Ломающимся голосом спросил еще раз Саша, снова пихая в меня колышек. Грубость его взгляда резала меня без ножа, вспарывая кожу и оголяя нервы.
—Нет, меня взяли из приюта! Ты рад? Счастлив от этого факта? Что поменяется теперь? Что тебе с этого? Да, я приемная дочь в семье, моя мама не могла родить. Она болела раком, и все это время боролась как могла. А мой папа считал, что семья придаст ей сил для дальнейшей борьбы. Вот так вот. Меня родила какая-то наркоманка и бросила под порогом местного роддома, — я кричала ему это и плакала, понимая, что меня на части разрывало. Клочьями душа вырывалась точечно прямо его руками в данный момент.
Я всегда знала, что я приемная дочка, но ни единой минуты в своей жизни я не чувствовала этого по отношению родителей ко мне. Они любили меня так сильно, как любят родные. В них я видела всю свою жизнь, счастливую ровно до момента, пока моя мама не умерла, а отец не начал спиваться. Пусть я тогда жила с бабушкой, которая старалась делать для меня максимально много, но детская травма от потери вновь обретенной мамы так просто не смогла бы затянуться. Никогда не затянется.
Саша посерел на глазах, продолжая меня удерживать. Глаза потухли и превратились в вязкую болотную жижу, в которой я теперь захлебывалась, теряя доступ к кислороду.
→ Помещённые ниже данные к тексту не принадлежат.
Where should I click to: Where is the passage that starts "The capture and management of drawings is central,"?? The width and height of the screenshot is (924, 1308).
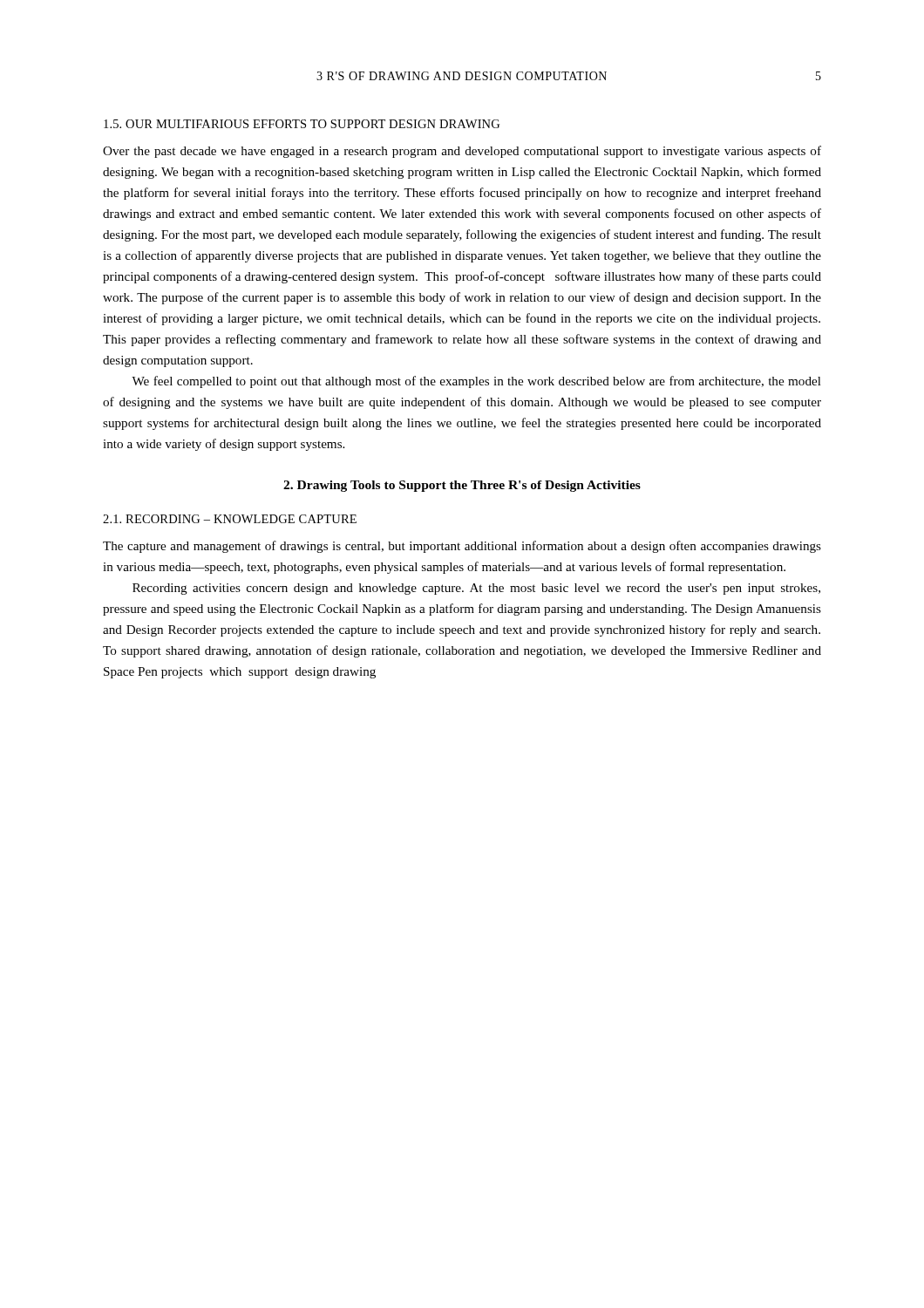tap(462, 609)

Голова взрывалась от догадок, но ни одна не собиралась в целостную картину. Ни одна. Только боль оставалась неизменной. По-прежнему во всем теле.
—Девушка на фото моя первая любовь. Мы встречались в тайне от семей, пока все не вскрылось. Затем она меня бросила, сказав, что отец выбрал ей жениха, и она хочет жить по вере. Твоего отца ей подобрали. Вот и все, — Саша поджал губы, а я окончательно сломалась. Жалкие осколки теперь валялись на полу вместе с теми фотографиями, что теперь укрывали его. Улыбающиеся лица на контрасте с моей рыдающей душой и разбитой реальностью.